For non-encoding and encoding, then, Jill Price's hyperthemesis makes her less different with respect to reasons-responsiveness than we might at first assume, except perhaps that she is under more obligation to get it right the first time since reconstruction of memory is less of an option for her. We have already seen several rules on what ought to be encoded and stored. Jill's case is sufficiently idiosyncratic that it does not allow us to derive new rules, but it does reinforce the profound importance of what people attend to—"a way of seeing is a way of not seeing"—with respect to encoding, and illustrate the importance of degree of concern in determining praiseworthiness.
Conclusion
We have seen seven generalizable rules for individual memory so far. All are potentially defeasible by their very nature, and many can be fulfilled as much by proxy mechanisms as by utilizing deliberate cognitive interventions in an agent's own brain's capacity for memory.
Rule #1: We ought to encode events and occasions that matter to others who can be harmed by our forgetting.
Rule #2: We ought to recall them in time to decide whether and how to act.
Rule #3: We ought not to deliberately construct memories or store memory proxies so as to do harm to others, nor induce others to do the same.
Rule #4: We ought not to rehearse past hurts in ways that leads us to hold grudges.
Rule #5: We ought to avoid negative bias in memory that harms us and those around us by deliberately encoding, recalling, and rehearsing positive events or aspects of our lives and those with whom we interact, in order to construct less harmful memories.
Rule #6: We ought to remember our own past wrong actions in order to avoid causing further harm.
Rule #7: If you know yourself to have memory failures that give you serious difficulty with engaging in morally desirable memory behaviors, you ought to either avoid putting yourself in situations where this will do harm or take proxy measures to compensate for your memory failures.

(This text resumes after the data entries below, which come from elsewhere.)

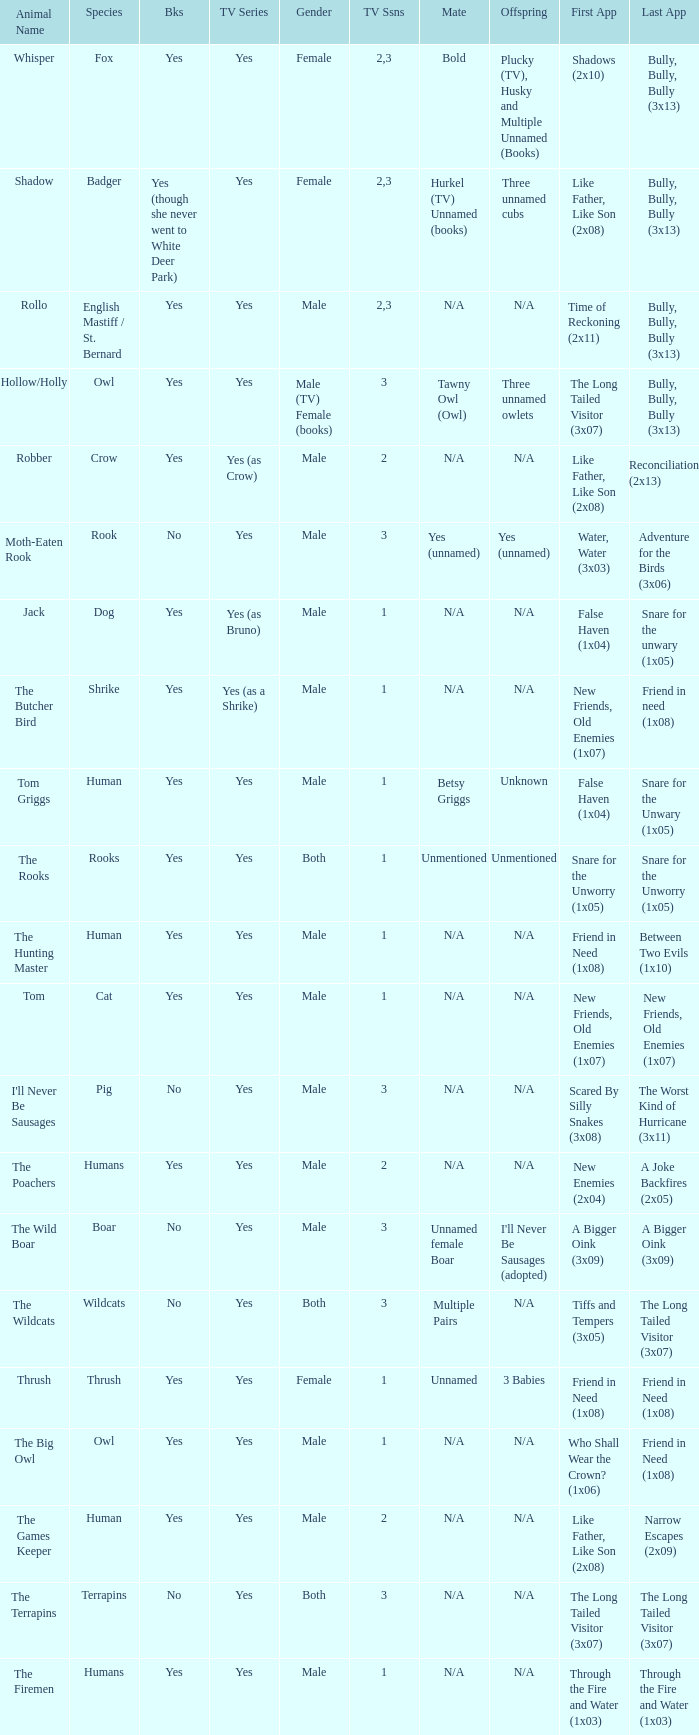What series includes a boar? Yes. 
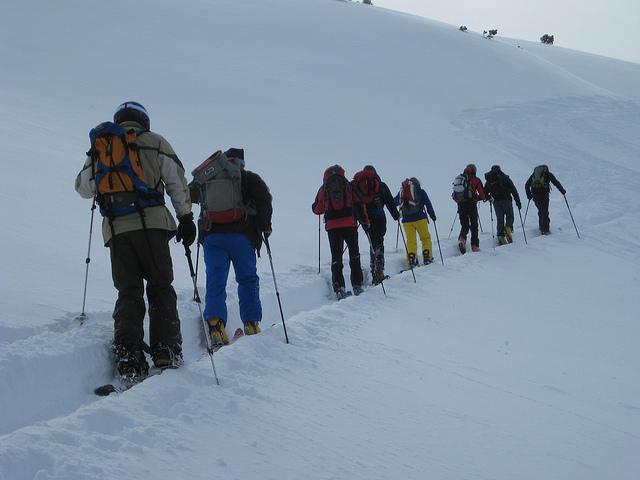What direction does the trail take just ahead?
Concise answer only. Left. Are then men looking to the right?
Concise answer only. No. Do their outfits match?
Answer briefly. No. Does everyone have a bag?
Answer briefly. Yes. Are there any people visible in this picture, apart from the main group?
Write a very short answer. No. Are these people traveling together?
Write a very short answer. Yes. 
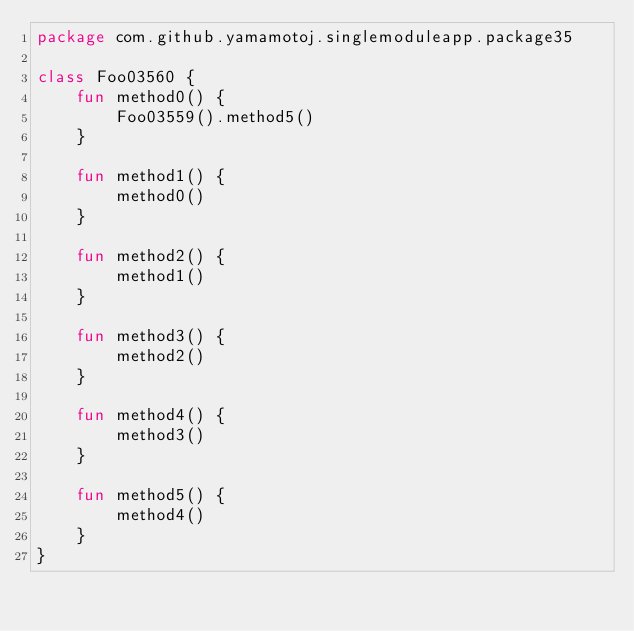<code> <loc_0><loc_0><loc_500><loc_500><_Kotlin_>package com.github.yamamotoj.singlemoduleapp.package35

class Foo03560 {
    fun method0() {
        Foo03559().method5()
    }

    fun method1() {
        method0()
    }

    fun method2() {
        method1()
    }

    fun method3() {
        method2()
    }

    fun method4() {
        method3()
    }

    fun method5() {
        method4()
    }
}
</code> 
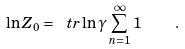<formula> <loc_0><loc_0><loc_500><loc_500>\ln Z _ { 0 } = \ t r \ln \gamma \sum _ { n = 1 } ^ { \infty } 1 \quad .</formula> 
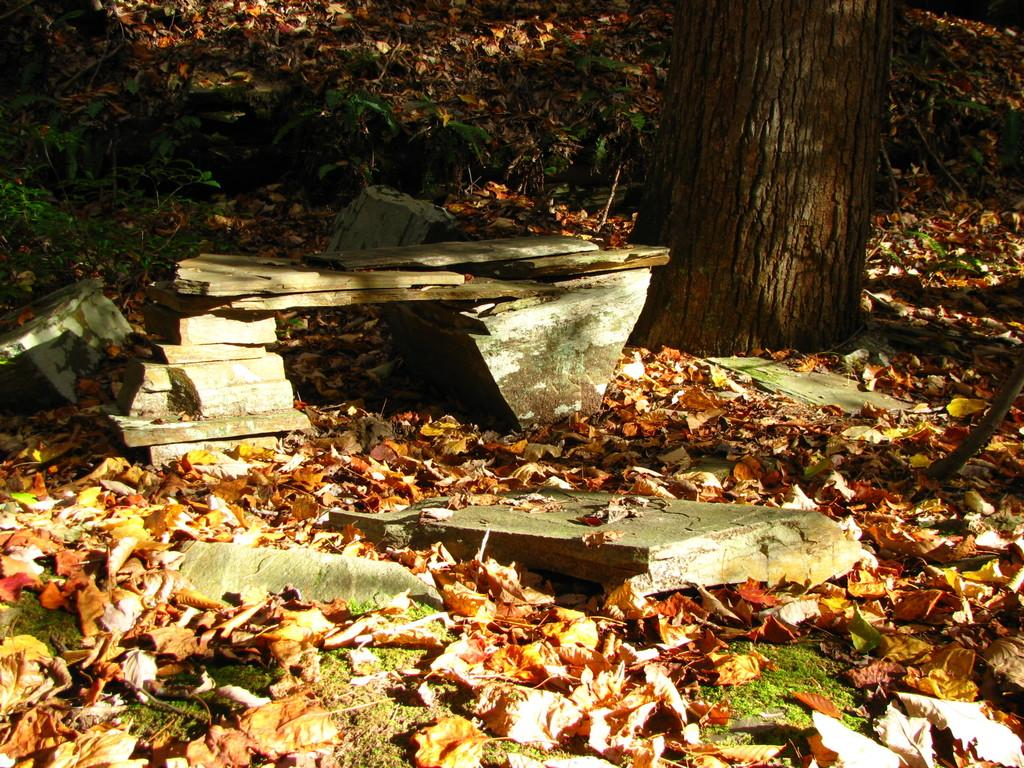What is the main subject of the image? The main subject of the image is a tree trunk. What action is happening to the tree leaves in the image? Tree leaves are falling down in the image. What type of surface is present in the image? There is a stone sheet in the image. How many mice can be seen playing with sticks in the image? There are no mice or sticks present in the image. Are there any babies visible in the image? There is no reference to babies in the image, which features a tree trunk, falling tree leaves, and a stone sheet. 
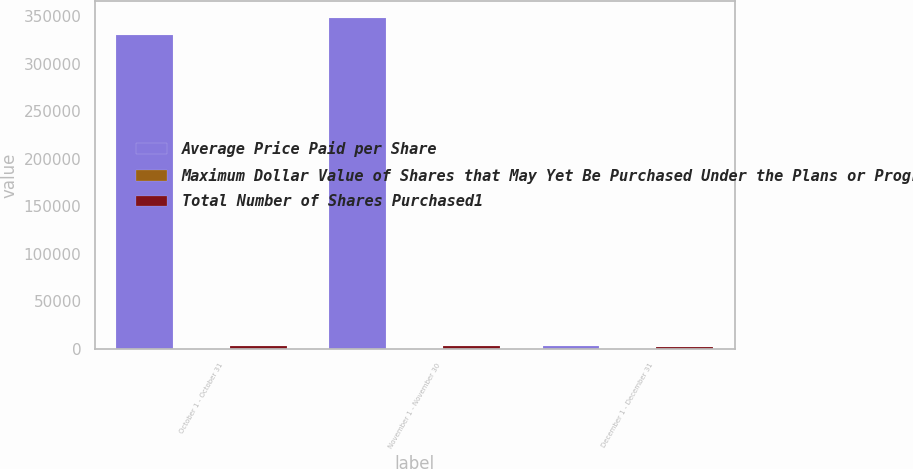Convert chart to OTSL. <chart><loc_0><loc_0><loc_500><loc_500><stacked_bar_chart><ecel><fcel>October 1 - October 31<fcel>November 1 - November 30<fcel>December 1 - December 31<nl><fcel>Average Price Paid per Share<fcel>330000<fcel>348400<fcel>2408<nl><fcel>Maximum Dollar Value of Shares that May Yet Be Purchased Under the Plans or Programs1 In millions<fcel>65.64<fcel>71.36<fcel>74.82<nl><fcel>Total Number of Shares Purchased1<fcel>2542<fcel>2517<fcel>2299<nl></chart> 
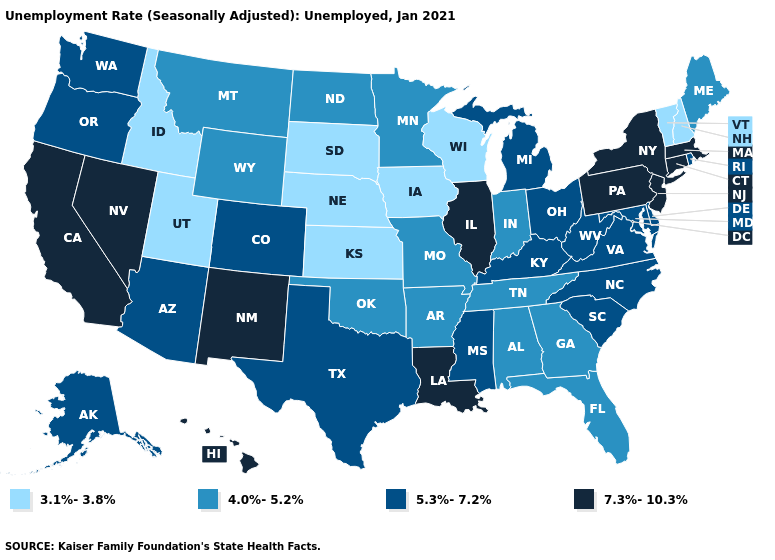What is the value of Georgia?
Give a very brief answer. 4.0%-5.2%. What is the highest value in the South ?
Concise answer only. 7.3%-10.3%. What is the lowest value in states that border South Carolina?
Write a very short answer. 4.0%-5.2%. What is the highest value in the South ?
Write a very short answer. 7.3%-10.3%. Among the states that border Colorado , which have the lowest value?
Quick response, please. Kansas, Nebraska, Utah. What is the value of Massachusetts?
Write a very short answer. 7.3%-10.3%. What is the highest value in the Northeast ?
Be succinct. 7.3%-10.3%. What is the value of Maryland?
Write a very short answer. 5.3%-7.2%. What is the value of Kansas?
Keep it brief. 3.1%-3.8%. Does Nevada have the highest value in the USA?
Answer briefly. Yes. What is the value of California?
Give a very brief answer. 7.3%-10.3%. Among the states that border Tennessee , does Kentucky have the lowest value?
Write a very short answer. No. Name the states that have a value in the range 3.1%-3.8%?
Keep it brief. Idaho, Iowa, Kansas, Nebraska, New Hampshire, South Dakota, Utah, Vermont, Wisconsin. What is the lowest value in the USA?
Write a very short answer. 3.1%-3.8%. 
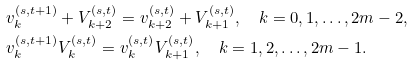Convert formula to latex. <formula><loc_0><loc_0><loc_500><loc_500>& v _ { k } ^ { ( s , t + 1 ) } + V _ { k + 2 } ^ { ( s , t ) } = v _ { k + 2 } ^ { ( s , t ) } + V _ { k + 1 } ^ { ( s , t ) } , \quad k = 0 , 1 , \dots , 2 m - 2 , \\ & v _ { k } ^ { ( s , t + 1 ) } V _ { k } ^ { ( s , t ) } = v _ { k } ^ { ( s , t ) } V _ { k + 1 } ^ { ( s , t ) } , \quad k = 1 , 2 , \dots , 2 m - 1 .</formula> 
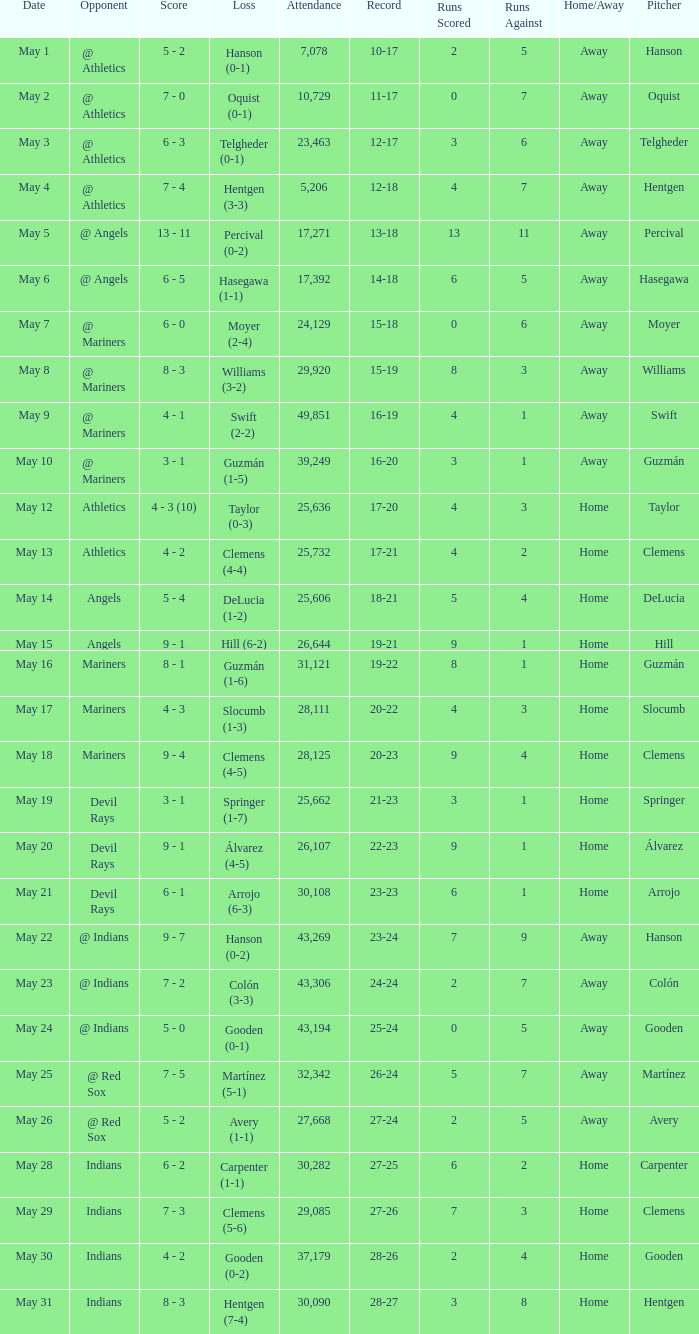What is the record for May 31? 28-27.

In laying out these rules and discussing their application and defeasibility, I have presented a way of determining moral praiseworthiness and blameworthiness for individual memory behaviors. It may prove useful also in considering the role of individual agents in the formation of collective memory. Perhaps the discussion herein can even be of use to those assessing the ethics of biotechnological memory manipulation: to what degree does this make us more, or less, able to respond to right-making reasons with appropriate moral concern?
Most of all, I intend that this work provide not only philosophers but moral agents more generally with useful tools for an ethics of memory. Too often, we unreflectively dispense blame and praise for memory behaviors. By such means as these may we all remember and forget rightly, and not for ill.